[MATERIAL FOR THIS TASK — start]

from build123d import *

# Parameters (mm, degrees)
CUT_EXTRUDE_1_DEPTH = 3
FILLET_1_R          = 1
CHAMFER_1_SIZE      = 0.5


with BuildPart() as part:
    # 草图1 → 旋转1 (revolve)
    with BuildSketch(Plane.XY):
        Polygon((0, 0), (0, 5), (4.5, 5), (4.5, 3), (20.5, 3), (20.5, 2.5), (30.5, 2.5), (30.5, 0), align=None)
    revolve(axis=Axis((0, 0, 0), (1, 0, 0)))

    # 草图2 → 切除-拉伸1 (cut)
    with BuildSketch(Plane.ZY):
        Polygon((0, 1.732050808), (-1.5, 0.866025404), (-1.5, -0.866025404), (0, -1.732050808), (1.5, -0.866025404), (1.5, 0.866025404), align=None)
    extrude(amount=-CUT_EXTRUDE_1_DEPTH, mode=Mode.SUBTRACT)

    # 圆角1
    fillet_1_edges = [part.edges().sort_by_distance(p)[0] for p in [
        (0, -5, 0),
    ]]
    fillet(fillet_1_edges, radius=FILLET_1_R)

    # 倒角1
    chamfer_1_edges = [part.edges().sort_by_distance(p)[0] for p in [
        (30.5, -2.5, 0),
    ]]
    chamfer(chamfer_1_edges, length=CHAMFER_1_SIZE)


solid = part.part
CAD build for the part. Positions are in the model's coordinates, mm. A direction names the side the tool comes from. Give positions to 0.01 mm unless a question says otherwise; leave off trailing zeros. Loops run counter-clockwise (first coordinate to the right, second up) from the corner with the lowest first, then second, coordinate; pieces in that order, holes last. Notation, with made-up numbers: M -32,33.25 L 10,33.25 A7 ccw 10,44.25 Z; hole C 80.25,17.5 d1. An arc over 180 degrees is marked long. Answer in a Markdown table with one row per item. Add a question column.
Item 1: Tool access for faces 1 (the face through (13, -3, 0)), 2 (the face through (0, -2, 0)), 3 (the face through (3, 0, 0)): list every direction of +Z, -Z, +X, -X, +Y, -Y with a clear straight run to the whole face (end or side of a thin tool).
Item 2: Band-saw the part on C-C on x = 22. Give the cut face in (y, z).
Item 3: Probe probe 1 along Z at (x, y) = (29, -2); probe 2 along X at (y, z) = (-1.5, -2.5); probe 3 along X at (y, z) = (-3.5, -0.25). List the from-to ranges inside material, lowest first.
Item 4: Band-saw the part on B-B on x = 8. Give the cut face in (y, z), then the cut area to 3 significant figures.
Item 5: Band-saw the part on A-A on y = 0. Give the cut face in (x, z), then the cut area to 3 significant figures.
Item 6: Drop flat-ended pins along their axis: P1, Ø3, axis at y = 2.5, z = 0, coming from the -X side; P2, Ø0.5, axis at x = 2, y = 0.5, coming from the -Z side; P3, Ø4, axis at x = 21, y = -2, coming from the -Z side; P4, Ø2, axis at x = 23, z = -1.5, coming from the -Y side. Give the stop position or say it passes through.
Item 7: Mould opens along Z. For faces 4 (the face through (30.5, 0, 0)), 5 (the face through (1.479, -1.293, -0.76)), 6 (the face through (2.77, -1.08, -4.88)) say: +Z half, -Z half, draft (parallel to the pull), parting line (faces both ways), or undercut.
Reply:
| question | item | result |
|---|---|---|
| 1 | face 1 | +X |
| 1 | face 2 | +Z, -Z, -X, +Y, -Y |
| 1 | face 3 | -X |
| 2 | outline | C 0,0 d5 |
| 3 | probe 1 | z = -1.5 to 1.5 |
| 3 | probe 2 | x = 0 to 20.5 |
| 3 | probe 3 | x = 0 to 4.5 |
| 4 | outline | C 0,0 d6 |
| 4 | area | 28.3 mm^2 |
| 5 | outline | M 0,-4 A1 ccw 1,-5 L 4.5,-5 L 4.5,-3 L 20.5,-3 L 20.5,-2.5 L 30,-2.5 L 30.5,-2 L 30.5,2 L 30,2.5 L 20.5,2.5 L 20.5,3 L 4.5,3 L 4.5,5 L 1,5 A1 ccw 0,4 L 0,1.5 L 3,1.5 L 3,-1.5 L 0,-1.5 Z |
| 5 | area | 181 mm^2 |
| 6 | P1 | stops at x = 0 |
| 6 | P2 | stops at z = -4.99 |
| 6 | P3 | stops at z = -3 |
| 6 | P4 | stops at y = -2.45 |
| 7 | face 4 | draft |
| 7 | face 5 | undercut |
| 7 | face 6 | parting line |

[MATERIAL FOR THIS TASK — finish]

GOAL OF THE EXERCISE >> Everything before the line containing "stops at z = -3 |" stays out. Write out that line and the rest of the entries exactly.

THE COMPLETED TASK >>
| 6 | P3 | stops at z = -3 |
| 6 | P4 | stops at y = -2.45 |
| 7 | face 4 | draft |
| 7 | face 5 | undercut |
| 7 | face 6 | parting line |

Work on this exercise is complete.